A curious thing happened at this point in my life: my family moved from the moderately liberal, left-leaning Central Valley of California to upstate South Carolina.
I spent the first year of my time in South Carolina very, very alone. My multiethnic family were incomprehensibly alien outsiders in a culture whose social hierarchy was based on race, religion, heritage, and income. I found myself dumped into a junior high school environment where I knew no one, and where every facet of my history and experience was irrelevant at best, and damning at worst. Faced with a daily gauntlet of mockery, incomprehension, and threats of violence, I withdrew even further into my inner world of fantasy novels and role-playing games. I imagined escaping to some magical land where people like me weren’t alien, weren’t beaten, weren’t mocked and humiliated. I imagined myself with friends. I even dared to imagine myself with a girlfriend, a lover. I imagined myself happy.
It is, perhaps, little surprise that my first formal introduction to magic came during this same period of my life.
One of the folks in this same circle of friends ran a used bookstore. We’d congregate there sometimes to watch movies, play computer games, and just hang out in a safe space surrounded by books. On my first visit to the bookstore, I noticed a high table in the back room (probably a dresser, come to think of it) covered with a satin cloth, set with a variety of curious objects: candles, a wine glass, a black-hilted Ka-Bar style knife, and what was clearly a wand of some sort. I knew nothing about magic other than what I found within the confines of fantasy novels and D&D gamebooks, but even I could put two and two together, so I approached the shopkeeper and asked him about it.
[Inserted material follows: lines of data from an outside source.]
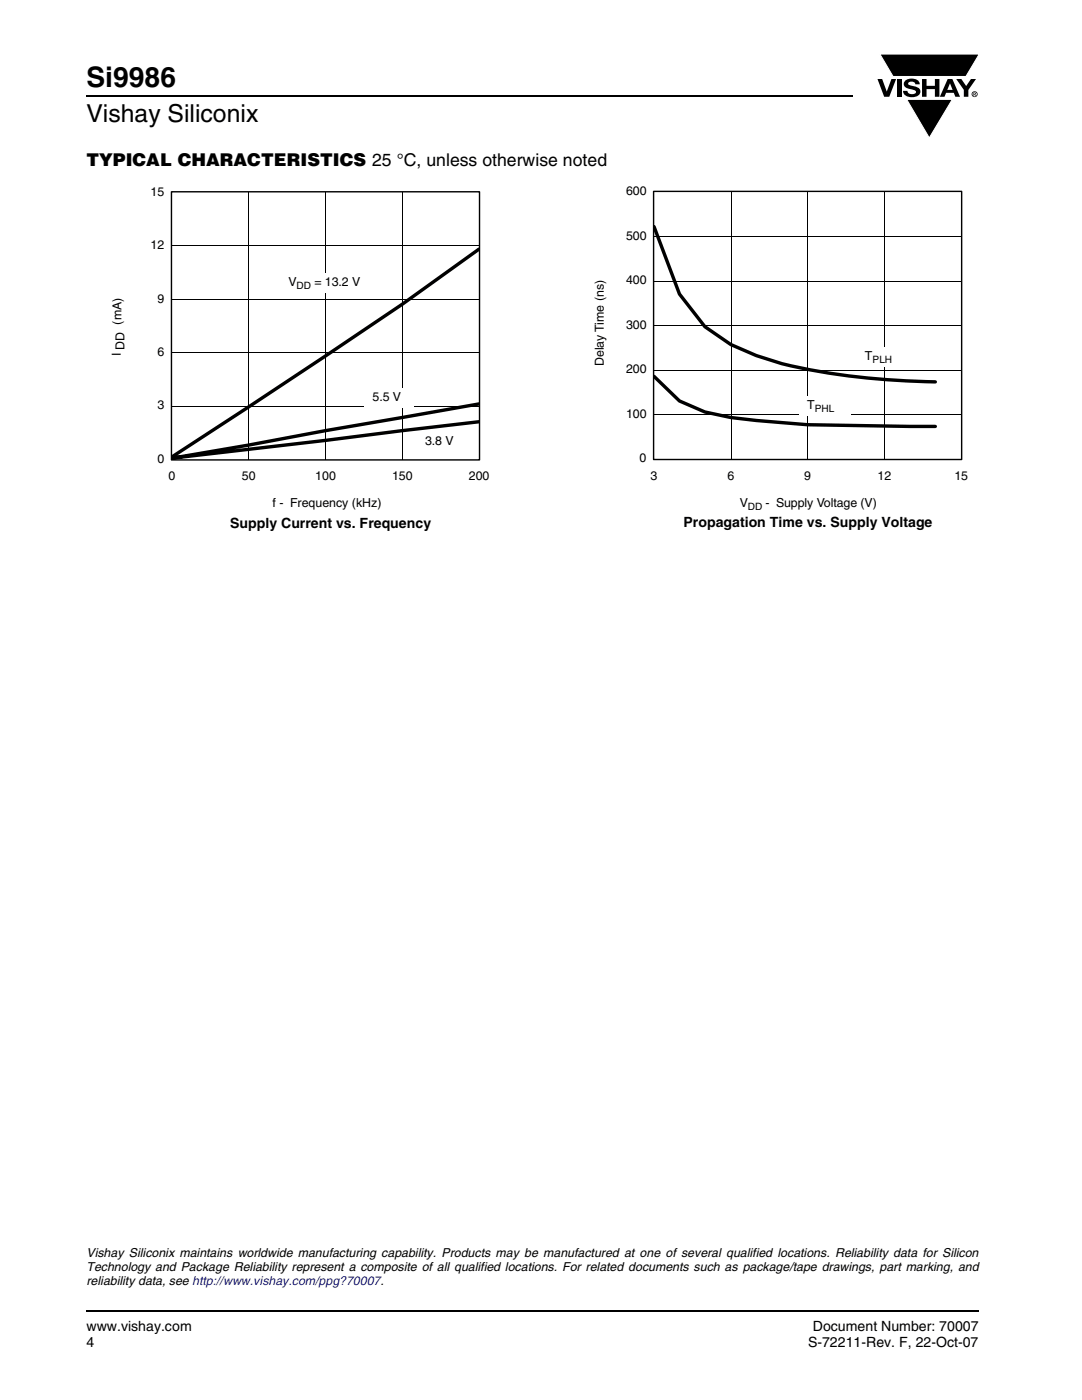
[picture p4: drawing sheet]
<svg xmlns="http://www.w3.org/2000/svg" width="216mm" height="279mm" viewBox="0 0 216 279" stroke-linecap="round" stroke-linejoin="round" font-family="sans-serif">
<defs><g id="words">
<text font-size="5.6" x="17.3" y="17.4">Si9986</text>
<text font-size="4.9" x="17.3" y="24.4">Vishay Siliconix</text>
<text font-size="3.5" x="17.3" y="33">TYPICAL CHARACTERISTICS 25 °C, unless otherwise noted</text>
<g font-size="2.8">
<text x="45.9" y="105.5">Supply Current vs. Frequency</text>
<text x="136.4" y="105.2">Propagation Time vs. Supply Voltage</text>
<text x="17.3" y="265.6">www.vishay.com</text>
<text x="17.3" y="268.8">4</text>
<text x="161.2" y="268.8">S-72211-Rev. F, 22-Oct-07</text>
<text x="162.2" y="265.6">Document Number: 70007</text>
</g>
<g font-size="2.5">
<text x="30.1" y="39">15</text>
<text x="124.9" y="39">600</text>
<text x="124.9" y="47.8">500</text>
<text x="30.1" y="49.7">12</text>
<text x="57.6" y="57.1">V</text>
<text x="62.7" y="57.1">= 13.2 V</text>
<text x="124.9" y="56.7">400</text>
<text x="31.4" y="60.4">9</text>
<text x="124.9" y="65.6">300</text>
<text x="24.1" y="71" transform="rotate(-90 24.1 71)">I</text>
<text x="24.8" y="69.8" transform="rotate(-90 24.8 69.8)">DD (mA)</text>
<text x="31.4" y="71">6</text>
<text x="172.6" y="71.9">T</text>
<text x="120.5" y="73.1" transform="rotate(-90 120.5 73.1)">Delay Time (ns)</text>
<text x="124.9" y="74.5">200</text>
<text x="31.4" y="81.7">3</text>
<text x="74.3" y="80.1">5.5 V</text>
<text x="124.9" y="83.4">100</text>
<text x="161.1" y="81.7">T</text>
<text x="84.8" y="88.9">3.8 V</text>
<text x="31.4" y="92.4">0</text>
<text x="33.6" y="95.9">0</text>
<text x="48.3" y="95.9">50</text>
<text x="62.9" y="95.9">100</text>
<text x="78.2" y="95.9">150</text>
<text x="93.6" y="95.9">200</text>
<text x="127.6" y="92.3">0</text>
<text x="129.8" y="95.8">3</text>
<text x="145.1" y="95.8">6</text>
<text x="160.5" y="95.8">9</text>
<text x="175.1" y="95.8">12</text>
<text x="190.4" y="95.8">15</text>
<text x="54.4" y="101.3">f - Frequency (kHz)</text>
<text x="147.6" y="101.2">V</text>
<text x="152.8" y="101.2">- Supply Voltage (V)</text>
<text x="17.3" y="250.8">Vishay Siliconix maintains worldwide manufacturing capability. Products may be manufactured at one of several qualified locations. Reliability data for Silicon</text>
<text x="17.3" y="253.6">Technology and Package Reliability represent a composite of all qualified locations. For related documents such as package/tape drawings, part marking, and</text>
<text x="17.3" y="256.4">reliability data, see http://www.vishay.com/ppg?70007.</text>
</g>
<g font-size="2">
<text x="59.2" y="57.6">DD</text>
<text x="174.1" y="72.4">PLH</text>
<text x="162.6" y="82.2">PHL</text>
<text x="149.2" y="101.7">DD</text>
</g>
</g></defs>
<path d="M17.1 18.9h.2v.3h-.2zM17.1 261.5h.2v.4h-.2z" fill="#000"/>
<path d="M17.3 19.1h152.9M17.3 261.7h178.1" fill="none" stroke="#000" stroke-width=".36"/>
<path d="M175.1 10.7h20.4v17h-20.4z" fill="#fff"/>
<g fill="#000">
<path d="M175.1 15.8h.9l.9 2.5 1-2.5h.9l-1.4 3.5h-1zM175.6 10.8h19.8l-2.7 4.5h-14.5zM179 15.8h.9v3.5h-.9zM180.7 16.1a2.08 2.08 0 0 1 2.7 .3l.1 .4h-.9a.78 .78 0 0 0-.6-.5 .78 .78 0 0 0-.8 .4l.2 .3 1 .2a1.06 1.06 0 0 1 1.2 1 1.06 1.06 0 0 1-1 1.1 1.71 1.71 0 0 1-2.4-1.2h.9a.95 .95 0 0 0 .8 .7 .95 .95 0 0 0 .9-.4 1.3 1.3 0 0 0-1.2-.6 1.02 1.02 0 0 1-1.1-.6 1.02 1.02 0 0 1 .2-1.1zM184 15.8h.9v1.3h1.6v-1.3h.9v3.5h-.9v-1.5h-1.6v1.5h-.9zM180.9 19.8h9.1l-4.6 7.7zM190.8 15.8h1l1 1.4 .9-1.4h1l-1.5 2.2v1.3h-.9v-1.4z"/>
<path d="M189.6 16.6l-.6 1.3h1.1zM189.1 15.8h.9l1.6 3.5h-1l-.3-.8h-1.5l-.3 .8h-1z"/>
<path d="M194.4 18.6v.1h.2v-.1zM194.2 18.5h.5v.2l-.1 .1 .1 .3-.2-.3-.1 .3h-.2zM194 18.8a.45 .45 0 0 0 .9 0 .45 .45 0 0 0-.9 0zM193.9 18.8a.6 .6 0 0 1 1.2 0 .6 .6 0 0 1-1.2 0z"/>
</g>
<path d="M175.6 10.8h19.8l-2.7 4.5h-14.5zM180.9 19.8h9.1l-4.6 7.7z" fill="none" stroke="#fff" stroke-width=".2"/>
<path d="M21.8 36.7h75.9v65.1h-75.9z" fill="#fff"/>
<path d="M49.7 38.4v53.4M65 38.4v53.4M80.3 38.4v53.4M34.3 59.7h61.4M34.3 49.1h61.4M34.3 70.4h61.4M34.3 81.1h61.4" fill="none" stroke="#000" stroke-width=".2"/>
<path d="M95.6 49.7l-15.3 11-15.4 10.3-30.6 20.2M95.6 80.6l-61.3 10.8 61.3-7.2" fill="none" stroke="#000" stroke-width=".68"/>
<path d="M34.2 38.3h61.5v53.5h-61.5z" fill="none" stroke="#000" stroke-width=".28"/>
<g fill="#fff">
<path d="M55.9 54.5h23.5v3.8h-23.5z"/>
<path d="M72.7 77.6h9.8v3.8h-9.8z"/>
<path d="M83.2 86.4h9.8v3.8h-9.8z"/>
<path d="M118.2 36.7h75v65.5h-75z"/>
</g>
<path d="M145.9 38.3v53.4M161.2 38.3v53.4M176.5 38.3v53.4M130.5 56.1h61.4M130.5 47.2h61.4M130.5 73.9h61.4M130.5 65h61.4M130.5 82.8h61.4" fill="none" stroke="#000" stroke-width=".2"/>
<path d="M130.5 45.2l5.1 13.5 5.1 6.5 5.1 3.6a67 67 0 0 0 19.1 5.6 156.3 156.3 0 0 0 21.7 1.8M130.5 75.1l5.1 4.9 5.1 2.2 5.1 1.1 5.1 .6 10.3 .9 25.4 .3" fill="none" stroke="#000" stroke-width=".68"/>
<path d="M130.4 38.2h61.5v53.5h-61.5z" fill="none" stroke="#000" stroke-width=".28"/>
<g fill="#fff">
<path d="M170.9 69.4h14v3.8h-14z"/>
<path d="M159.4 79.2h10.3v3.8h-10.3z"/>
</g>
<use href="#words"/>
</svg>

“Why do you ask?” he responded.
“Just curious,” I said.
“Well, I’m a witch,” he started, “and that’s my altar.”
“Oh.” I thought about this a moment. “Can you, uh, tell me more about that?”
He thought about it for a moment, then left the room, returning a moment later with a couple of books. “Here, read these,” he said, handing them to me.
They were, of course, Drawing Down the Moon and The Spiral Dance.
I read those books with the kind of ravening spiritual hunger only the adolescent can truly muster, an intellectual and emotional craving which consumed me. In those pages, and in the context of my fellow weirdlings, I first found a spirituality which spoke to me, one which embraced both my burgeoning queer sexuality and gender and my desperate desire for community, safety, power, and freedom. It wasn’t a religion, exactly, but it was something that spoke to that same space in my heart, and told me—for, perhaps, the first time in my life—that I was worthy, worthwhile, and beautiful. I was dust and ashes, I was meat and bone, but I was also filled with sparks of the smokeless fire that lives at the heart of stars. I was spirit and flesh, not either but both. Both were beautiful, messy, sexual, and real.
And thus it was that I took my first faltering steps along the Path of the Wise, the Crooked Path of witchcraft and sorcery.